I have cycled in many countries where I never really sussed out even what good morning is - but being on a bike and being an Englishmam (I find it amazing that still counts for something or maybe it is being a cyclist) I have been able to communicate who I am, where I am going and what I need


----------



## Fnaar (30 Jun 2010)

J'ai perdu la plume de ma tante.  C'etait sur le table. Et le freakin' chat mange le poulet!


----------



## rh100 (30 Jun 2010)

I was told to ask for your steak cooked as 'incendre' (burnt), worked for me, came out about what I would class as medium here.

edit: I think the correct term would be tres bien cuit - is this correct?


----------



## threebikesmcginty (30 Jun 2010)

rh100 said:


> I was told to ask for your steak cooked as 'incendre' (burnt), worked for me, came out about what I would class as medium here.



Wonder what the French translation of the Texas method is for rare steak?

"Knock its horns off, wipe its ass and chuck it on the plate"


----------



## Aperitif (30 Jun 2010)

Uncle Mort said:


> _Bleugh!  _ will get you that.



A quick fix Mort 

Assiette des legumes SVP


----------



## Bromptonaut (30 Jun 2010)

threebikesmcginty said:


> Wonder what the French translation of the Texas method is for rare steak?
> 
> "Knock its horns off, wipe its ass and chuck it on the plate"



En bleu??


----------



## Chrisc (30 Jun 2010)

yello said:


> It may sound foreign or odd but I doubt there'd be a problem. But in honesty, I have no idea. When I speak French, I really have no feeling for what I'm saying. Likewise when I hear it, I don't intuitively respond. I'm not fluent by any stretch of the imagination and, to be honest, I really speak English with French words (give or take).
> 
> My French teacher told us not to worry about mistakes and the like as most French speakers make them too! And I mean so-called basic mistakes; getting the gender wrong (le/la) or getting verb conjugations wrong (I is, I telled him, etc etc etc). Or not knowing the correct verb or it's conjugation so using 'faire' for just about everything (useful verb is 'faire', it means to make or do but pretty much any noun can be 'faire'd! Don't know the conjugations for the verb 'to clean'? then simply 'faire' the adjective/noun, e.g. 'I clean the car' = 'I make clean the car' . ).
> 
> Sure, some folk speak an educated and, some would say, flawless French but I get the impression that your average French person is just as likely to butcher the rules as any foreigner might... just perhaps more confidently!

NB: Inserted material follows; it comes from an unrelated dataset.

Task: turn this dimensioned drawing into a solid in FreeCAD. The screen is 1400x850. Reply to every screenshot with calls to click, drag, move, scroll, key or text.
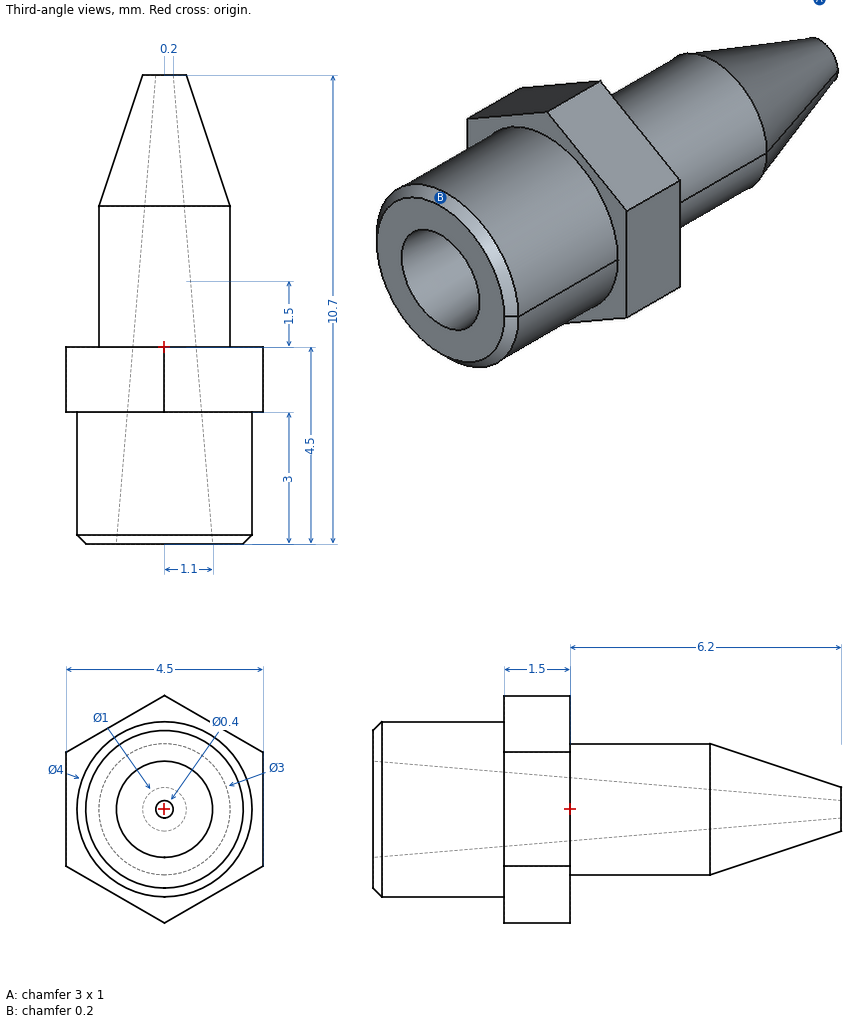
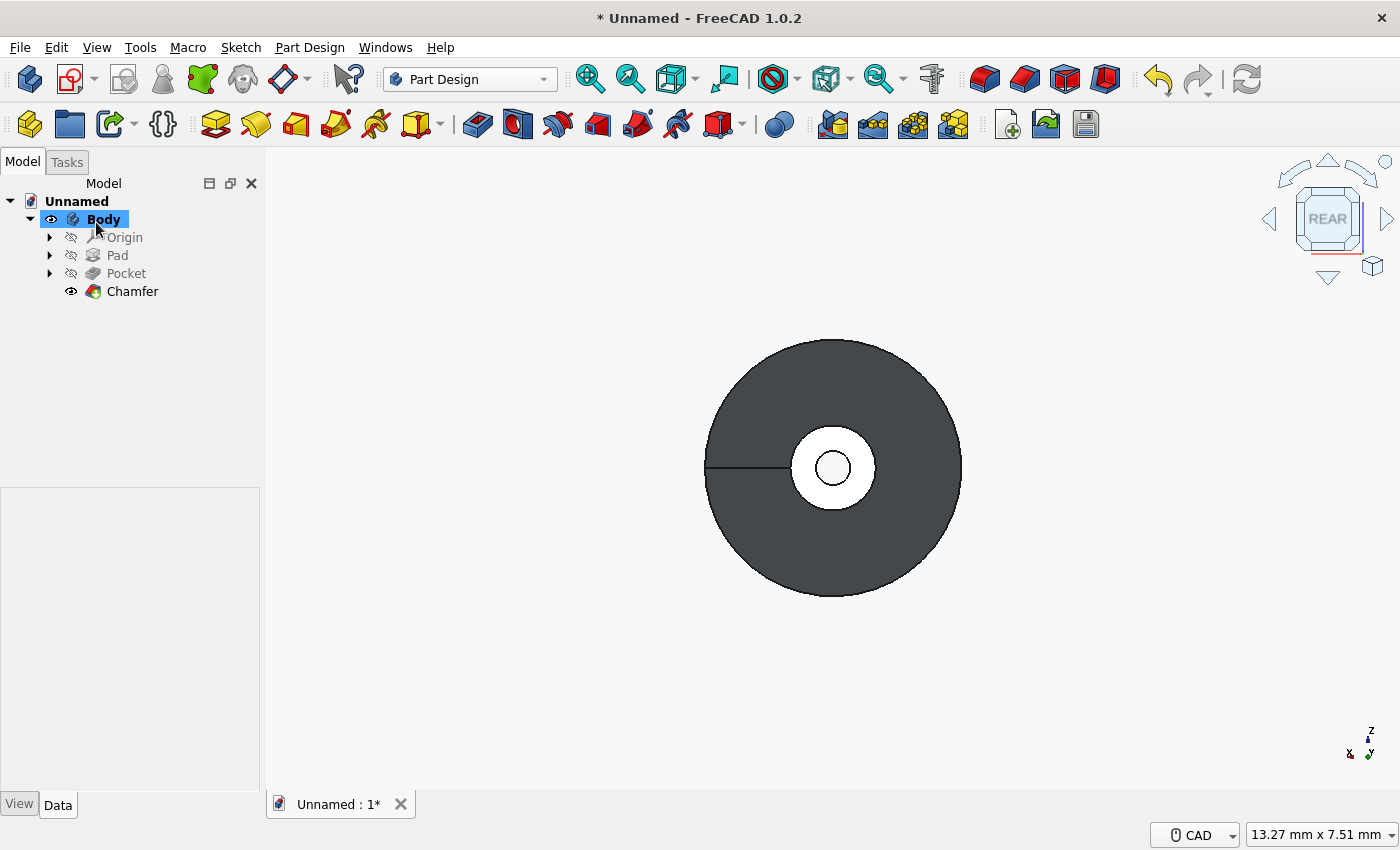
click(592, 80)

Nowhere near fluent, I sort of make it up in my head as I go along. God knows what it sounds like to the French but I usually get what I'm after. Even when I had no idea what swimming trunks were called and resorted to miming swimming in the shop... they laughed...but I got some.

After many holidays over there I finally started to hear the French langauge without translating it into English, that's when it clicked.


----------



## jay clock (1 Jul 2010)

I am bilingual so it is not a problem. But my advice for any country where you only have a basic kwnowledge is a big smile and crack on. Pointing and smiling helps enormously. The problems come when you speak enough to open a conversation but have no idea what the reply is. And then when you get quite fluent, the French in particular will start to correct you. If you are really bad they won't!

Bonne route!


----------



## Crankarm (1 Jul 2010)

Je parle Francais comme une vache d'Espagne .

Bonne vacance Kirsty.


----------



## Globalti (1 Jul 2010)

I've lived and worked in France for three years and I only recently realised that the French actually find an English accent charming in the same way that we find a French accent charming. Bizarre really because I hate to hear French being mangled.

As a chap I find French women easy to deal with, you just smile nicely, turn on the charm and throw in a few deliberate anglicisms; they can't resist it.


----------



## Hover Fly (1 Jul 2010)

Globalti said:


> I've lived and worked in France for three years and I only recently realised that the French actually find an English accent charming in the same way that we find a French accent charming...



However, if a French person doesn't understand English very well they think an USAnian sounds like a duck quacking. Hence the two young ladies who show visitors round Ch.HF, or flog 'em wine call Yanks "Donalds".


----------



## Kirstie (1 Jul 2010)

Thanks everyone! 
<smug>
I've never started a thread that ran for six pages 
</smug>


----------



## andym (2 Jul 2010)

Oh and a useful phrase for the touring cyclist with places to go:

"est-ce que on peut le faire aujordhui/ce matin/(if you're feeling really bold)pendant que j'attende?" - can you do it today/this morning/ while I wait?


----------



## PpPete (2 Jul 2010)

Crankarm said:


> Je parle Francais comme une vache d'Espagne .
> 
> Bonne vacance Kirsty.




No No NO Crankarm do keep up in class PLEASE

It's 
_Je parle Francais comme une vache Espagnol
_ 
You must use the adjectival form.



Seriously though, Globalti has it right. 
I speak it like a native, my OH has a subtle English accent. We started a business over there years ago. OH had elderly French Bank manager eating out of her hand.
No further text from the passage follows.